A cultura racista e de preconceitos contra os negros no Brasil é imensa. É um absurdo e também contraditória: nunca se falou tanto em Deus Salvador como nos nossos dias; nunca se abriu tantas igrejas; jamais tivemos uma parcela da população com tamanha instrução superior; nunca tivemos uma população majoritária na classe média; informações científicas nunca foram tão esclarecedoras; jamais na história da humanidade se produziu tanta tecnologia usada para interação social. Porém, o crime de racismo e os preconceitos contra os povos negros só crescem.
Até na infância e no mundo de pobreza o tratamento aos brasileiros negros são sentidos. Quando criança, morador próximo de uma lixeira, eu tinha dezenas de crianças negras como coleguinhas, na hora da chegada do caminhão para despejar o lixo, presenciei que os operadores dos carros sempre entregavam os melhores descartáveis para os meninos (as) que não eram negros (as).
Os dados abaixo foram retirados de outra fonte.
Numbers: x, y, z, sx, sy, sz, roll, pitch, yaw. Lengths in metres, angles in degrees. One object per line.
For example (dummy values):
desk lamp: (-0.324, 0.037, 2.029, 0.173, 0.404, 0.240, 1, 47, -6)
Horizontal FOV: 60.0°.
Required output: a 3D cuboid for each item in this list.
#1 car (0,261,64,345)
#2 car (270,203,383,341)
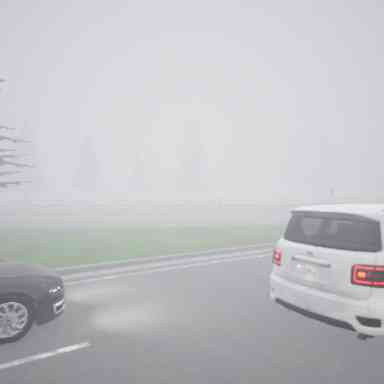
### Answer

Cresci testemunhando vários casos de racismos contra negros: um menino que não podia usar penteado afro na escola; um estudante que teve que comprovar sua condição de discente numa abordagem policial dura e cheia de agressões verbais, num transporte coletivo; a negação de um trabalho intelectual e complexo para uma moça com curriculum acadêmico extraordinário; “chuvas” de pedras na casa do pai de santo quando ele começava o ritual da religião afrodescendente, dentre outros.
Entrei nas faculdades e não vi meus coleguinhas de infância nas salas de aulas, nem nos cursos de Ciências Sociais, de Letras, de Direito e nem nas pós-graduações. Era ainda mais raro um docente negro ministrando aulas nas instituições de ensino superior. Nesses ambientes, assisti intensos debates sobre a proposta de implantação de cota para estudantes negros nas universidades. Os defensores falavam que o Brasil tinha uma dívida social com eles e era preciso inclusão, que, a educação superior era a porta de entrada para isso, por outro lado, alguns defendiam que a lei devia ser para todos, independente de cor ou de raça.

É fato que o Brasil é um País de milhões de pobres. Porém, não podemos esquecer que dos 500 anos do País, 300 anos foram de escravidão negra, uma época em que um ser humano era apenas propriedade do outro. Recentemente, em São Paulo, um professor universitário foi xingado de “macaco” e esfaqueado num supermercado tão somente por ser negro. Lá, o agressor reproduziu o pensamento colonial e escravocrata de que lugar de negro é nas senzalas e fora do convívio social dos abastados. O professor afirmou num veículo de comunicação que “é muito cansativo atravessar sua humanidade tendo de provar que é humano”.
Todos somos Humanos. A grande riqueza da vida está justamente nas diversas culturas de homens e mulheres, suas origens, crenças e sentimentos. O racismo contra o negro ou contra qualquer outro povo, o preconceito e a política que alimenta o ódio não devem prosperar no mundo civilizado e no Brasil do século 21. Não podemos aceitar ou suportar que o racismo seja uma cultura institucionalizada e que mova sentimentos de pessoas e ações de governos.
Não devemos suportar ainda que governante seja aplaudido pelos mais ricos e pelos mais “escolarizados” por causa do seu ódio e pela sua incapacidade de entender a importância cultural, econômica e social dos negros, dos povos indígenas e das mulheres para a construção do Brasil. As instituições de Estado, os governantes e o povo devem uma profunda reflexão sobre o País que estamos construindo.
Carlos Santiago é sociólogo, analista político e advogado.